* TASK DESCRIPTION *
Please give back each line below unchanged; none of the pictures should appear.

* PROVIDED MATERIAL *
BEGIN
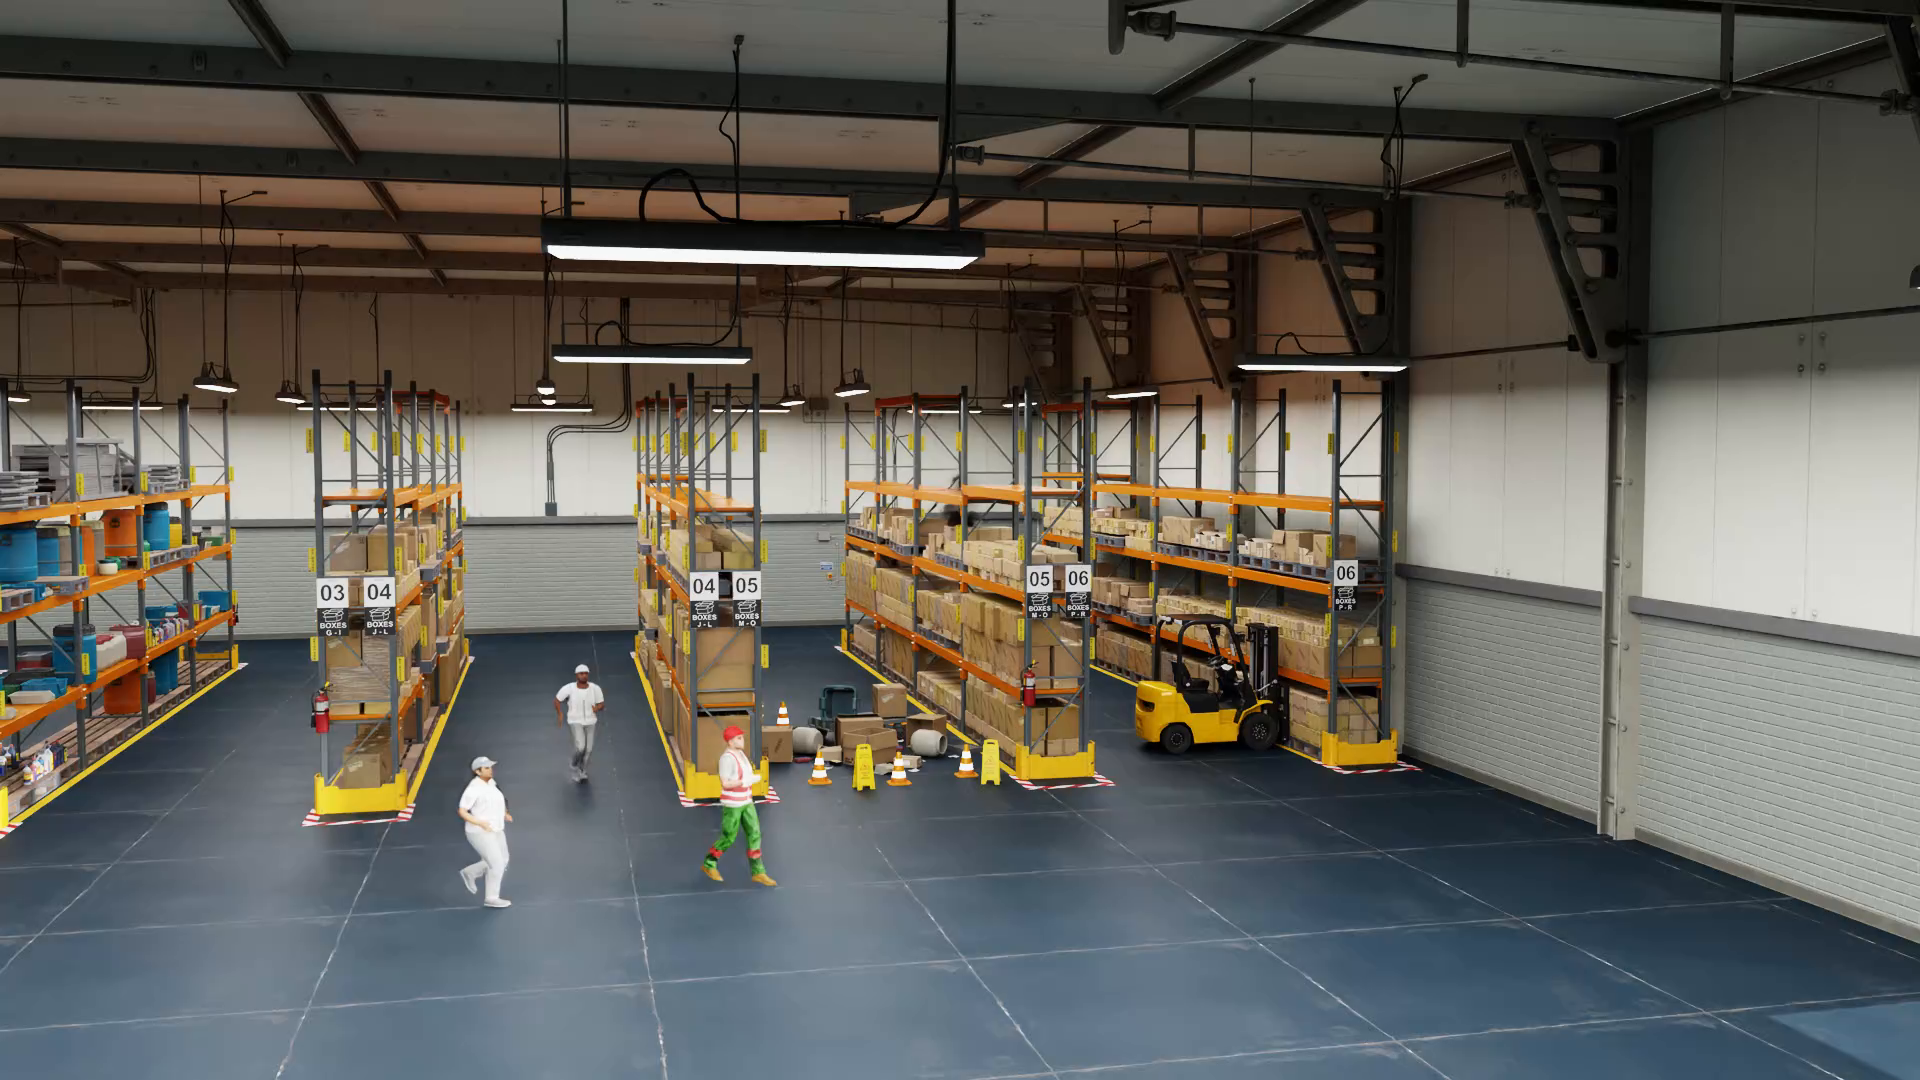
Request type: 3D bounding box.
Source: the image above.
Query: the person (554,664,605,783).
[{"bbox_3d":[-5.557,2.704,24.473,0.676,1.742,0.673,-2,4,-30],"label":"person"}]

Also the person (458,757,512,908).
[{"bbox_3d":[-5.177,3.151,18.013,0.664,1.619,0.611,1,3,14],"label":"person"}]

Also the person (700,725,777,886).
[{"bbox_3d":[-2.509,2.985,18.740,0.901,1.795,0.645,1,4,22],"label":"person"}]
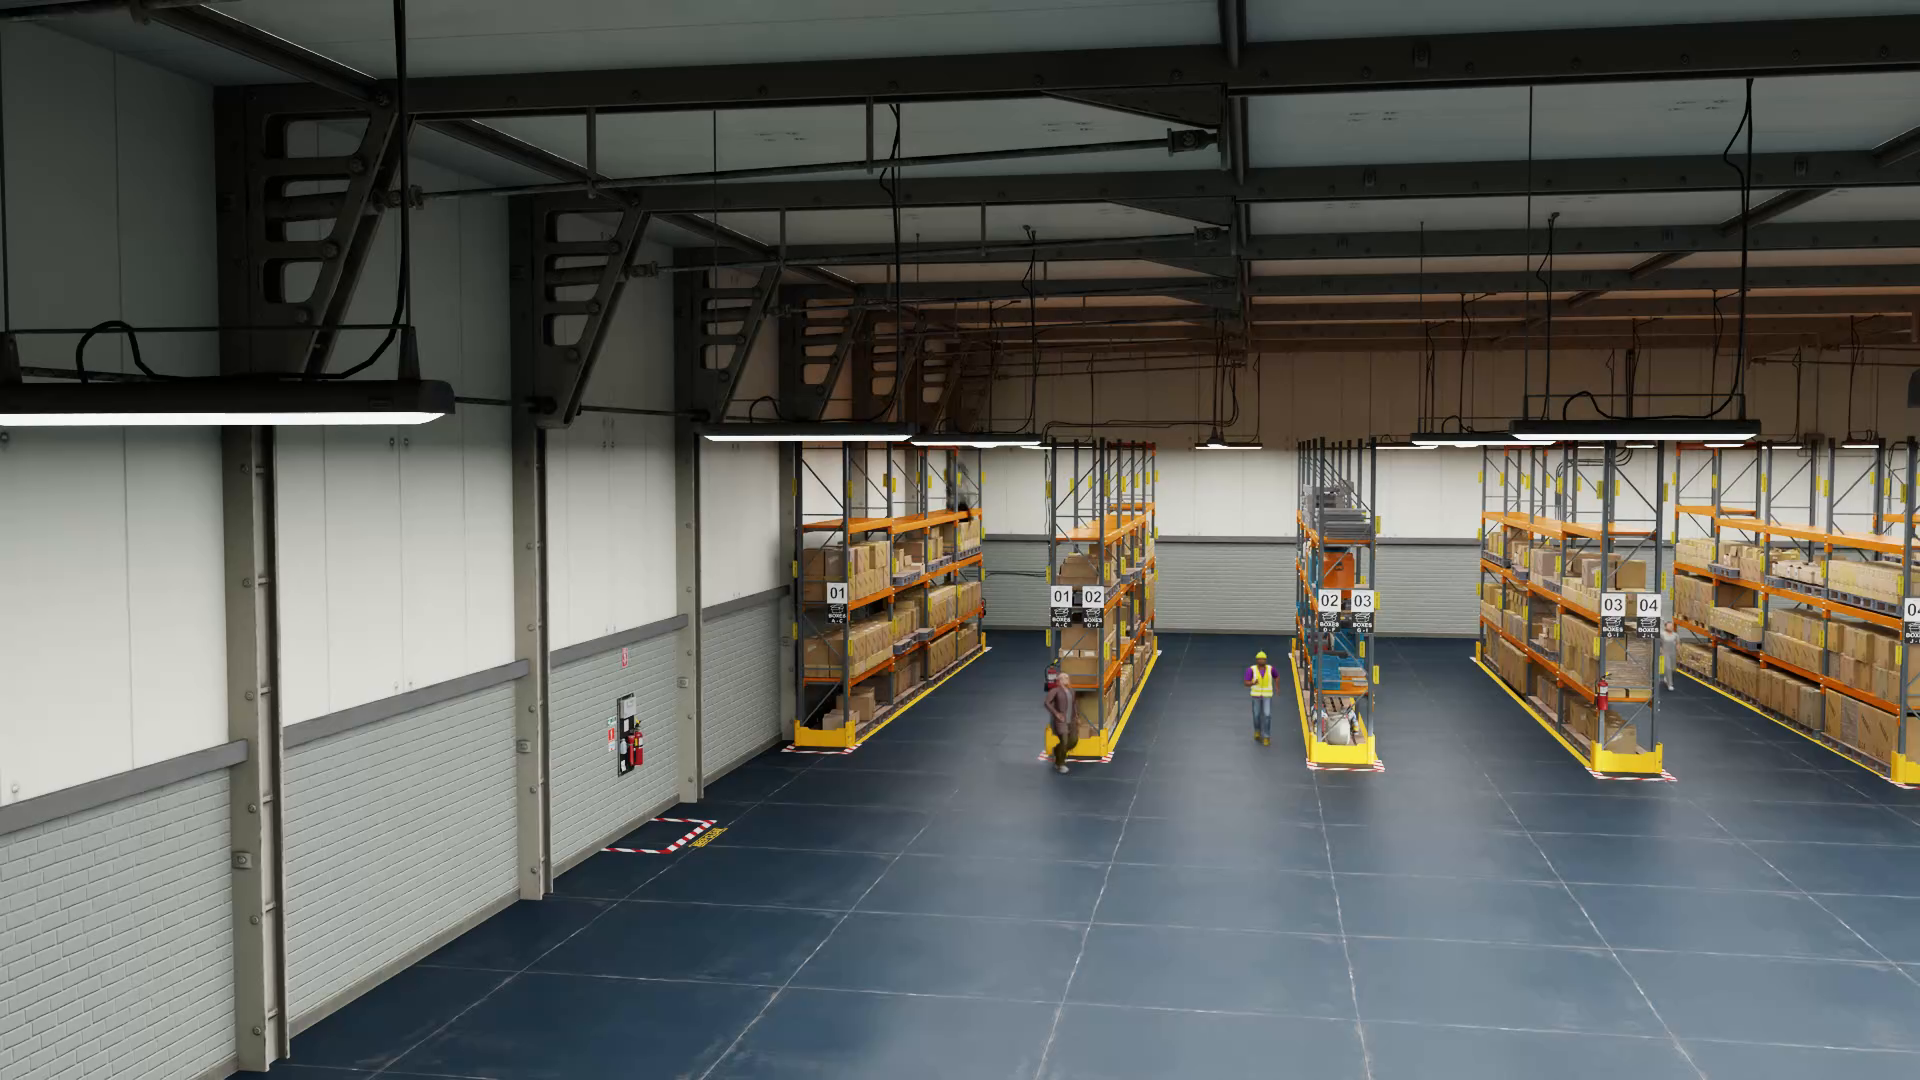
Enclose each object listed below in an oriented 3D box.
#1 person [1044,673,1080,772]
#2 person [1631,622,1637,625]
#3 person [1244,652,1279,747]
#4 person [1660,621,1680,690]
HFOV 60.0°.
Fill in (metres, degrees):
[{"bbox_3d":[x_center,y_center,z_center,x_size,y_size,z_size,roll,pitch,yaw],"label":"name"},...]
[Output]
[{"bbox_3d":[1.866,3.280,29.975,0.748,1.750,0.570,-2,4,-38],"label":"person"},{"bbox_3d":[17.807,2.619,44.391,0.578,1.557,0.616,2,3,29],"label":"person"},{"bbox_3d":[5.924,3.101,32.669,0.677,1.821,0.807,1,3,10],"label":"person"},{"bbox_3d":[17.146,2.784,40.276,0.565,1.649,0.747,0,3,6],"label":"person"}]
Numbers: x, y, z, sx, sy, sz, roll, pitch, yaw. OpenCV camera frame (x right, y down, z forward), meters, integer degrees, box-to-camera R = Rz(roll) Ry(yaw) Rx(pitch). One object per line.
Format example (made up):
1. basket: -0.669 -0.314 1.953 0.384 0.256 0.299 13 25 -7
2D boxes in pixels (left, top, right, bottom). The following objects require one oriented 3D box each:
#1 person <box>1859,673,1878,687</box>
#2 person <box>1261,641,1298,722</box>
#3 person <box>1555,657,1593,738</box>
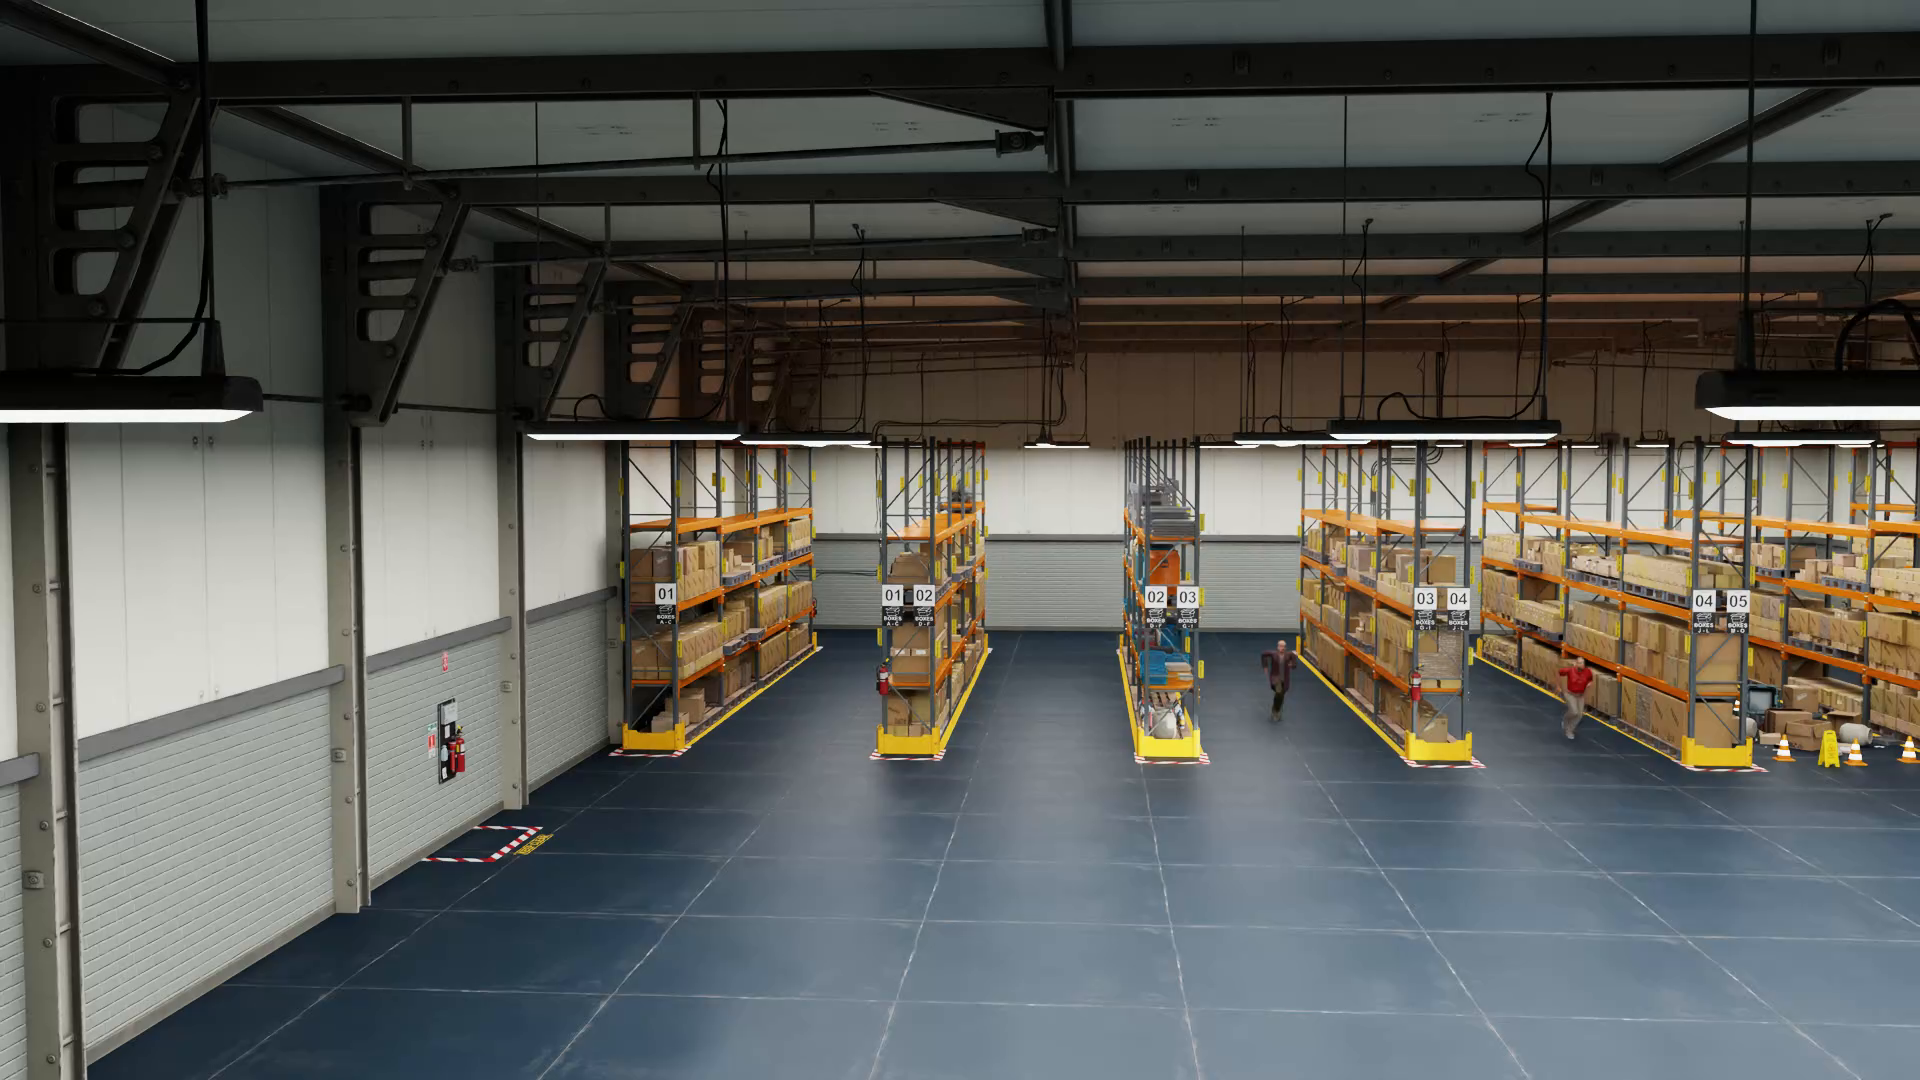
END
* RESULT OF THE TASK *
Request type: 3D bounding box.
Source: the image above.
Query: the person (554,664,605,783).
[{"bbox_3d":[-5.557,2.704,24.473,0.676,1.742,0.673,-2,4,-30],"label":"person"}]

Also the person (458,757,512,908).
[{"bbox_3d":[-5.177,3.151,18.013,0.664,1.619,0.611,1,3,14],"label":"person"}]

Also the person (700,725,777,886).
[{"bbox_3d":[-2.509,2.985,18.740,0.901,1.795,0.645,1,4,22],"label":"person"}]
Enclose each object listed below in an oriented 3D box.
#1 person [1044,673,1080,772]
#2 person [1631,622,1637,625]
#3 person [1244,652,1279,747]
#4 person [1660,621,1680,690]
HFOV 60.0°.
Fill in (metres, degrees):
[{"bbox_3d":[x_center,y_center,z_center,x_size,y_size,z_size,roll,pitch,yaw],"label":"name"},...]
[Output]
[{"bbox_3d":[1.866,3.280,29.975,0.748,1.750,0.570,-2,4,-38],"label":"person"},{"bbox_3d":[17.807,2.619,44.391,0.578,1.557,0.616,2,3,29],"label":"person"},{"bbox_3d":[5.924,3.101,32.669,0.677,1.821,0.807,1,3,10],"label":"person"},{"bbox_3d":[17.146,2.784,40.276,0.565,1.649,0.747,0,3,6],"label":"person"}]
Numbers: x, y, z, sx, sy, sz, roll, pitch, yaw. OpenCV camera frame (x right, y down, z forward), meters, integer degrees, box-to-camera R = Rz(roll) Ry(yaw) Rx(pitch). One object per line.
Format example (made up):
1. basket: -0.669 -0.314 1.953 0.384 0.256 0.299 13 25 -7
2D boxes in pixels (left, top, right, bottom). The following objects require one oriented 3D box each:
#1 person <box>1859,673,1878,687</box>
#2 person <box>1261,641,1298,722</box>
#3 person <box>1555,657,1593,738</box>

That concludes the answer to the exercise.